[RECORDS SUPPLIED]
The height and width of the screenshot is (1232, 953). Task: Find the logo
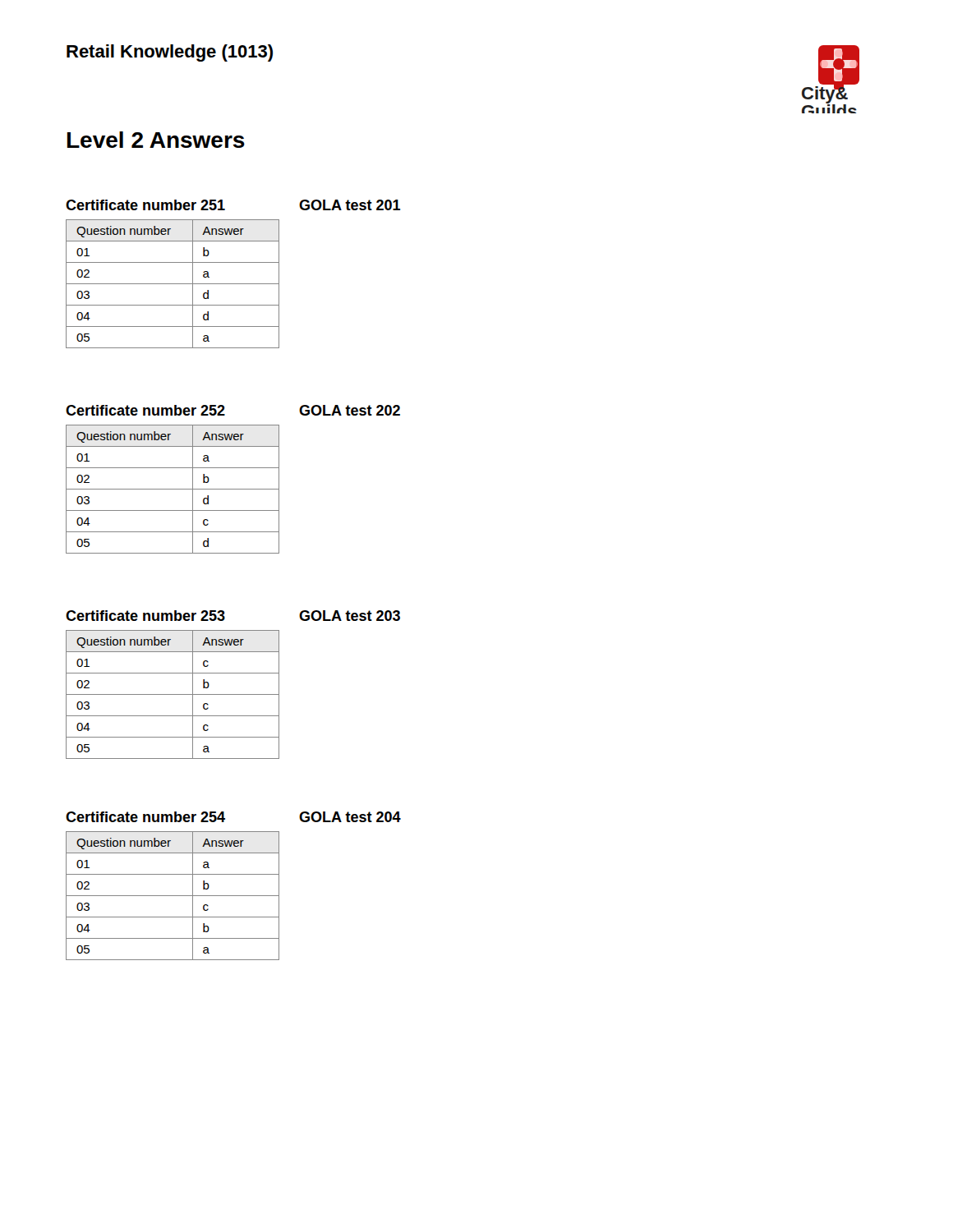coord(842,78)
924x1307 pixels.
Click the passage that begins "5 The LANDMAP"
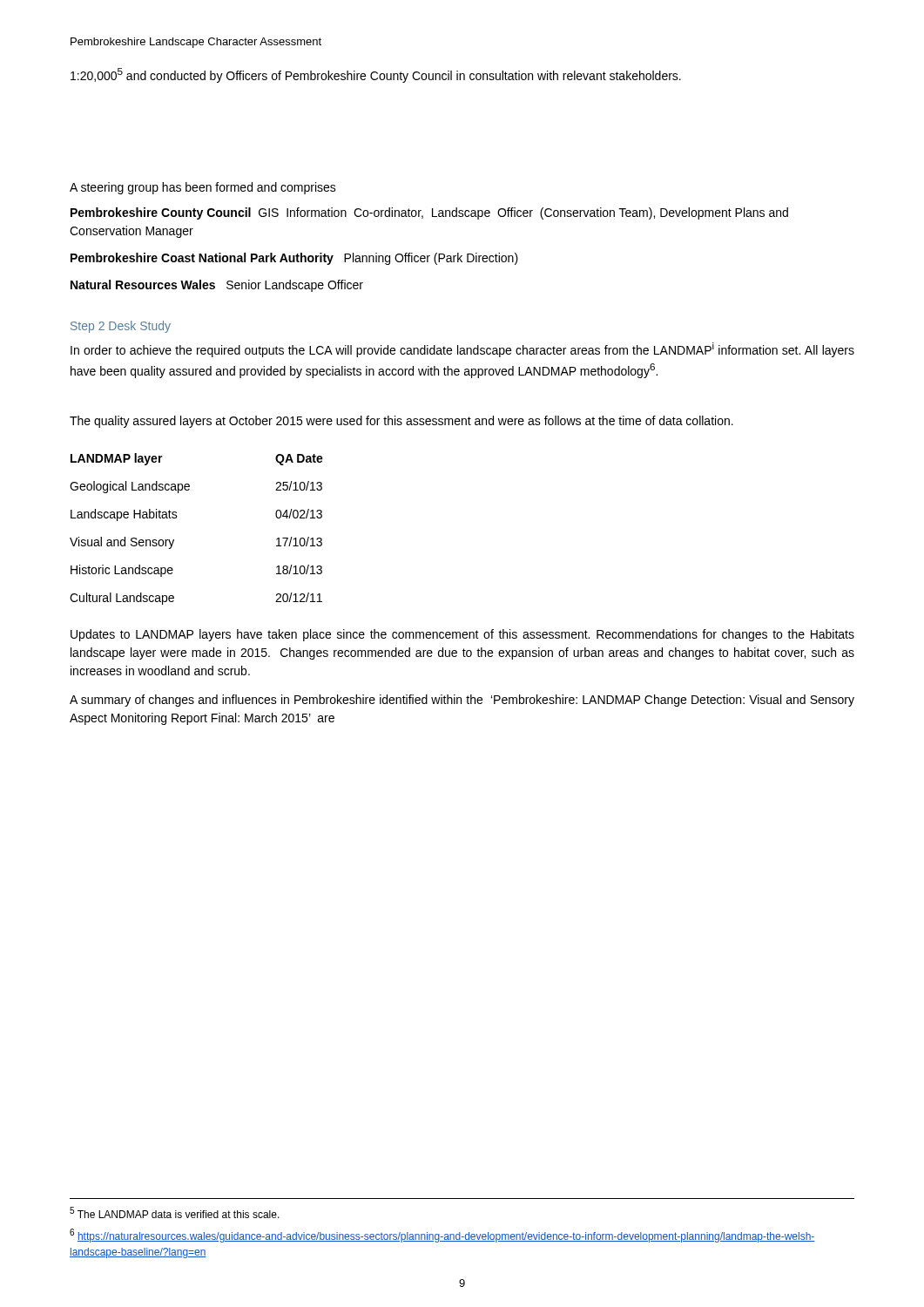coord(175,1213)

[INSTRUCTIONS FOR THE TASK] Copy all the records word for word and keep the pictures out.

[COMPLETED EXERCISE]
The height and width of the screenshot is (1232, 953). Task: Find the logo
coord(842,78)
924x1307 pixels.
Click the passage that begins "5 The LANDMAP"
coord(175,1213)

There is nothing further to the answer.